Webbed Lecture Collection
[Pardon the abbreviations (to myself) here and there. It is adjustable in length.]
· Unlike science writers who are mostly journalists who find science increasingly fascinating, my books are more of an insiders view. I seldom venture very far away from my scientific research interests - brains, higher intellectual function more generally, evolutionary mechanisms, human evolution, abrupt aspects of climate change, sociobiology and the great apes, and some parts of linguistics. My friends keep joking about Baby Bells and Baby Bills, didn’t I want to be broken up into CalvinBrains.com, CalvinClimate.com, and so forth?
·But that would destroy what advantage, if any, that I have over the other practioneers of neurobiology, paleoclimate, linguistics and so forth. Lots of people do the individual parts better than I do. My only advantage is, in doing them all inside the same head. That’s in the hopes of carryover from one to another, in hopes of being able to spot the interdisciplinary patterns - like the meterologist Alfred Wegener who proposed continental drift at a time when no geologist or geographer would believe it. A lot of things fall between the cracks of our established scientific disciplines. And we multidisciplinary types try to feed on them.
·Organization of evening talk:
·Readers often want to know how you got hooked on writing - on the theory that it’s like other addictions, certainly gambling - so I thought that I’d begin with a little biographical background. And maybe survey the other ten books a little.
·Then I'll talk about the new book and refer you to the web page with all the pretty pictures that I'd show if this weren't a slide-free talk.
Statistics tell you very little.
·I’ve written 11 books in 22 years, but it isn’t really two years per book. In 1996 I had two books come out in the same week but that's because one publisher was very slow.

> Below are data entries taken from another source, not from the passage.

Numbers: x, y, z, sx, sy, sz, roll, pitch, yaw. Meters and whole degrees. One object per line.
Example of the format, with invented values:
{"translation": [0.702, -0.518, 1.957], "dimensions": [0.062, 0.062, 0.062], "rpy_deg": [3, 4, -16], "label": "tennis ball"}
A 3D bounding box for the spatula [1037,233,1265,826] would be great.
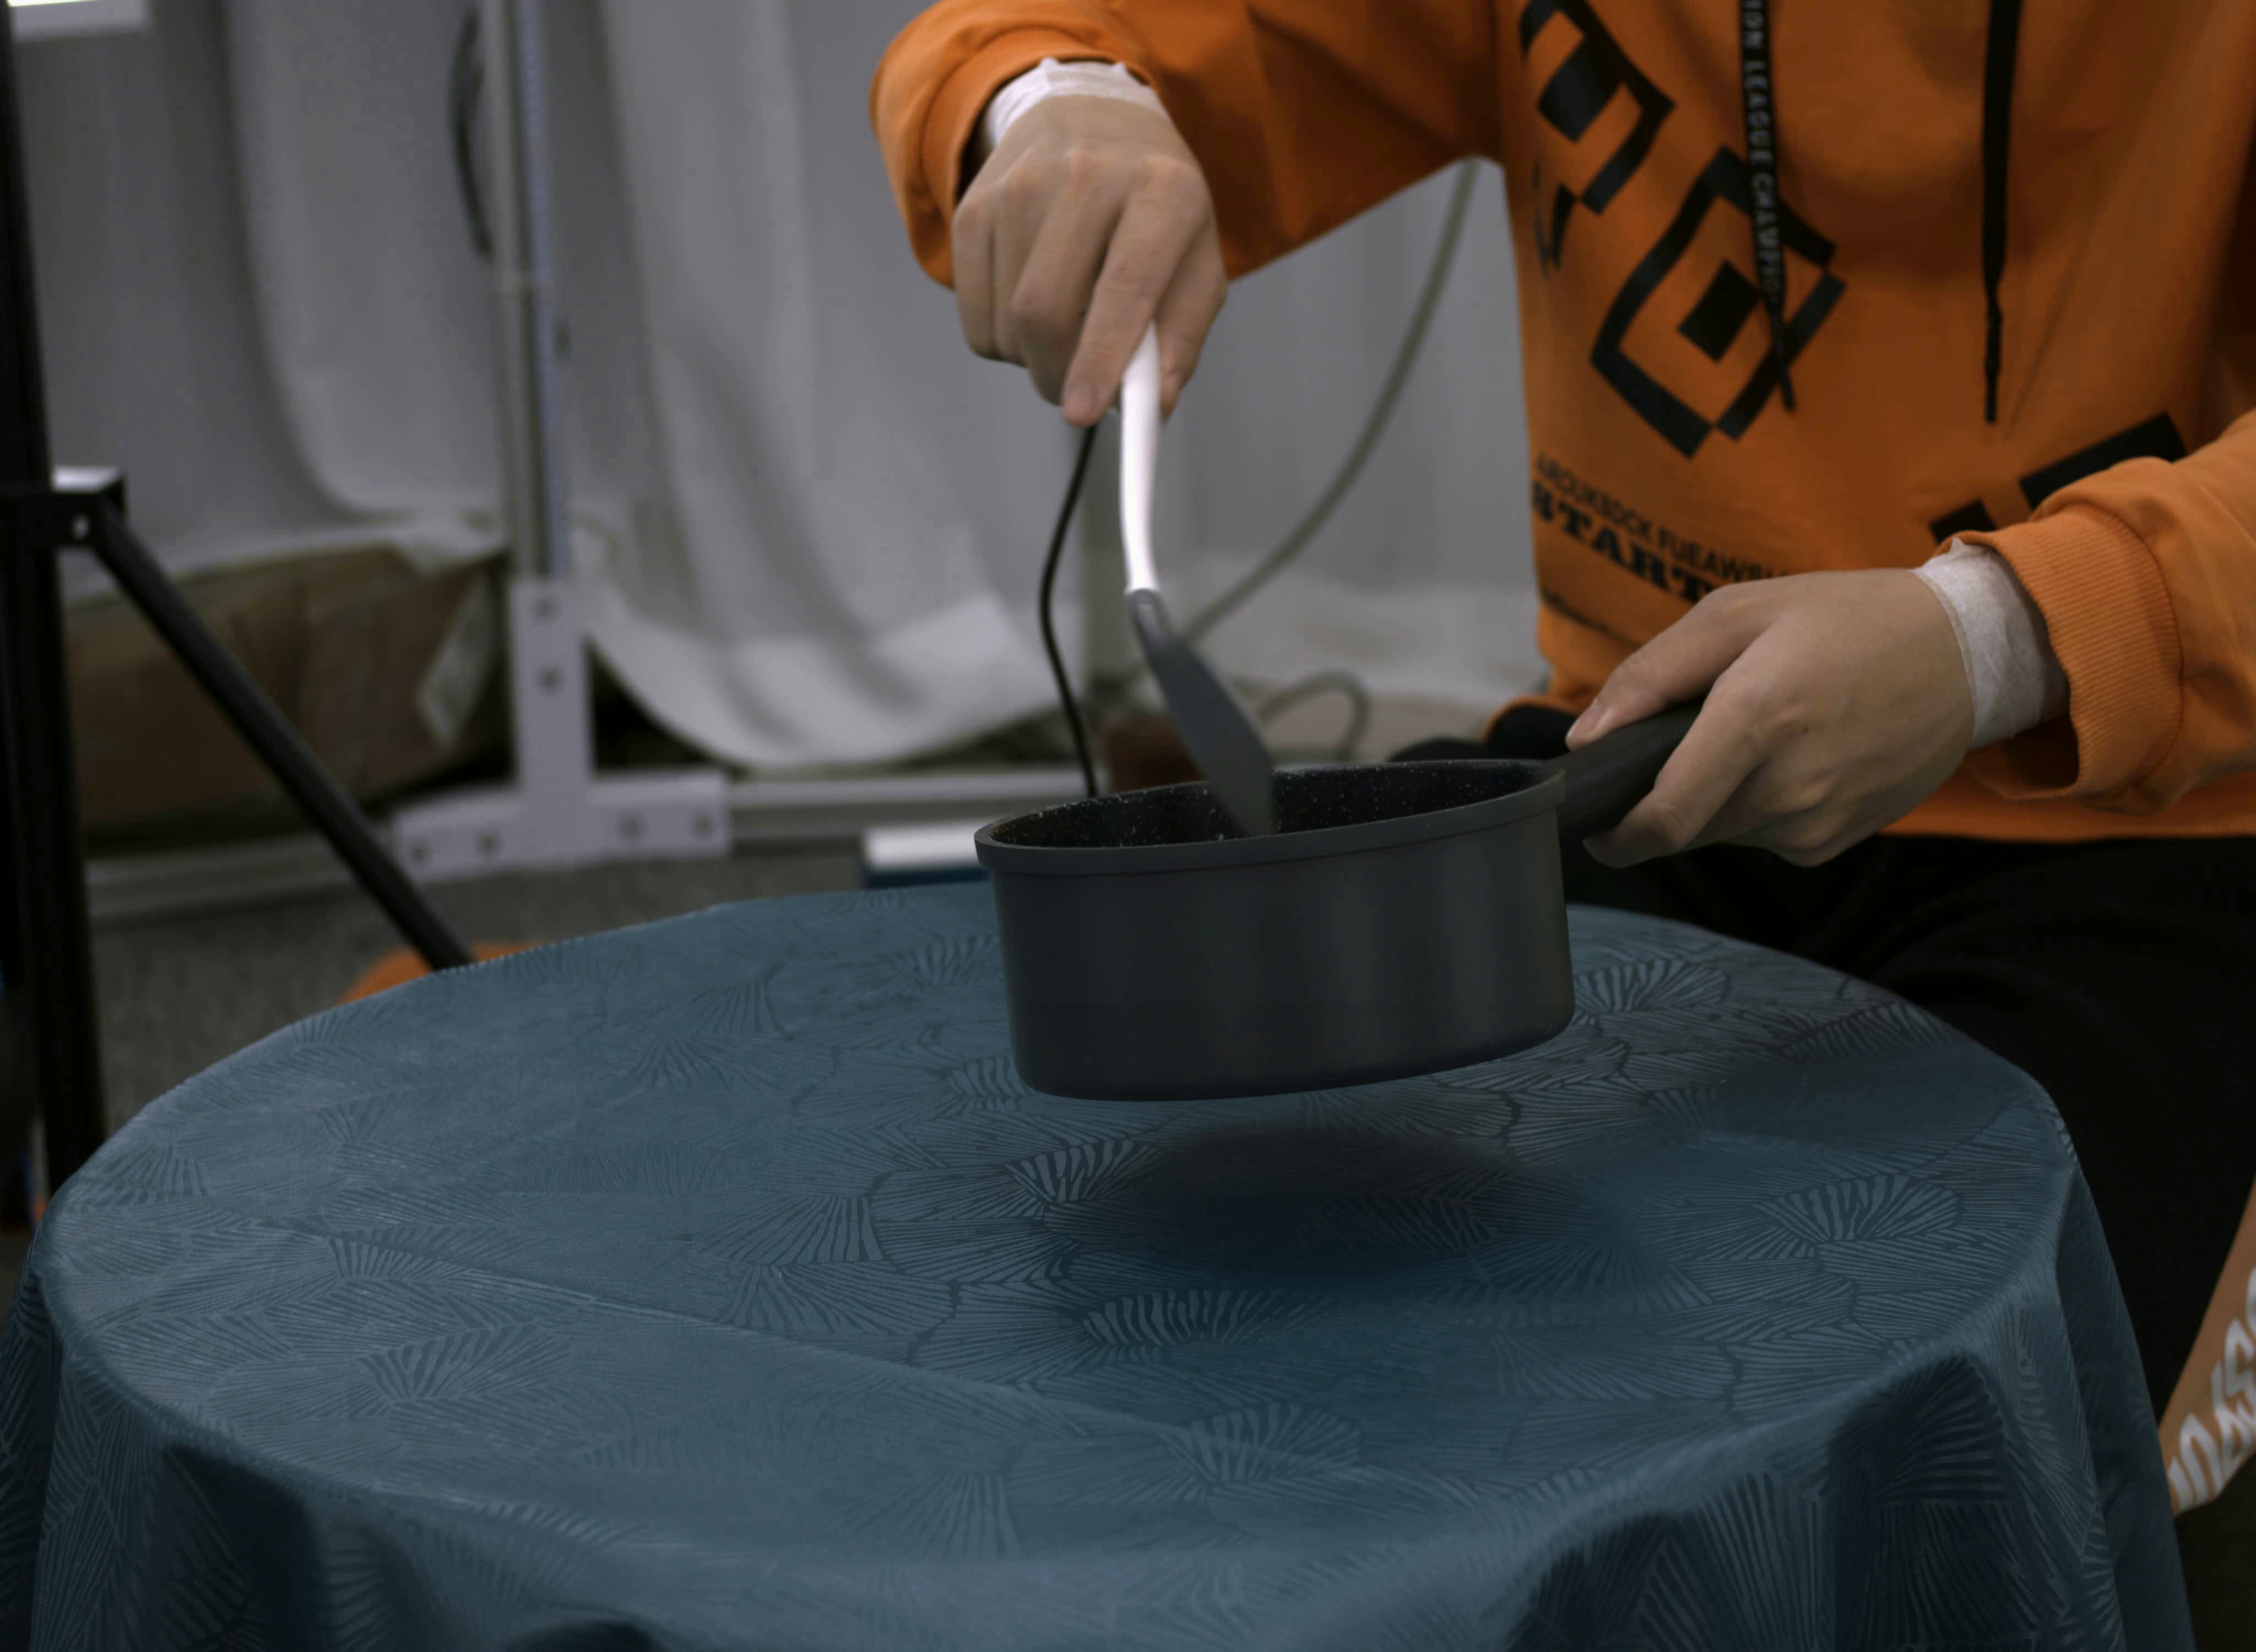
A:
{"translation": [0.008, -0.090, 1.632], "dimensions": [0.032, 0.058, 0.292], "rpy_deg": [-6, 39, -7], "label": "spatula"}

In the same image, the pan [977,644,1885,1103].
{"translation": [0.105, 0.014, 1.574], "dimensions": [0.321, 0.086, 0.176], "rpy_deg": [-13, 10, -37], "label": "pan"}

·Were my parents or grandparents writers? No, and indeed I’m the first ever to go to college. But there might nonetheless be some genes for writing books operating in my case. One of my two cousins on my mother’s side also is the only person on her side of the family to ever attend college. She too got a Ph.D. She too has written 11 books (I just caught up with her, once again).
·She and I both seem to have been afflicted with the salted peanuts syndrome: once you start, you can never get enough. And you never finish the can -- because writing, like all forms of research I suppose, always raises more questions than it answers.
It’s said that science is often about posing the question in such a way that you can force nature to give you a yes-or-no answer. Much of the skill of being a good writer consists of seeking out the illuminating questions. And there’s no end to that. I'm so addicted that I wouldn't trade my job for anyone else's, not even Paul Allen (and certainly not with Bill Gates, who has to endure a lot of insufferable people).
·I'm actually from Kansas (I learned my evolution after I moved to Seattle). I learned to write for general readers between the ages of 14 and 17, in high school near Kansas City - not because I had an ambition to write but just from the usual accidents of opportunity. I did a lot of sports photography and reporting, thanks to a great journalism teacher -- and then I had a great senior english teacher. College improved my knowledge of what to write about, not my writing per se.
·Sabbaticals are supposed to broaden your horizons - and indeed mine in
1978 as visiting professor of neurobiology at the Hebrew University of
Jerusalem stirred up some old interests in anthropology and archaeology.
But more than that, it created the time in which I could write my first
book. But I didn’t write it in
· THE ASCENT OF MIND (1990) is really the 2d half of Cerebral Symphony (1989), all the anthro and human evolution aspects, the first time that I wrote about abrupt climate change. Very influential in my career because Freeman Dyson read it. And liked it, and kept telling editors about it when asked for advise; it led to my invitations in 1993 from Scientific American and again in 1997 from the Atlantic Monthly.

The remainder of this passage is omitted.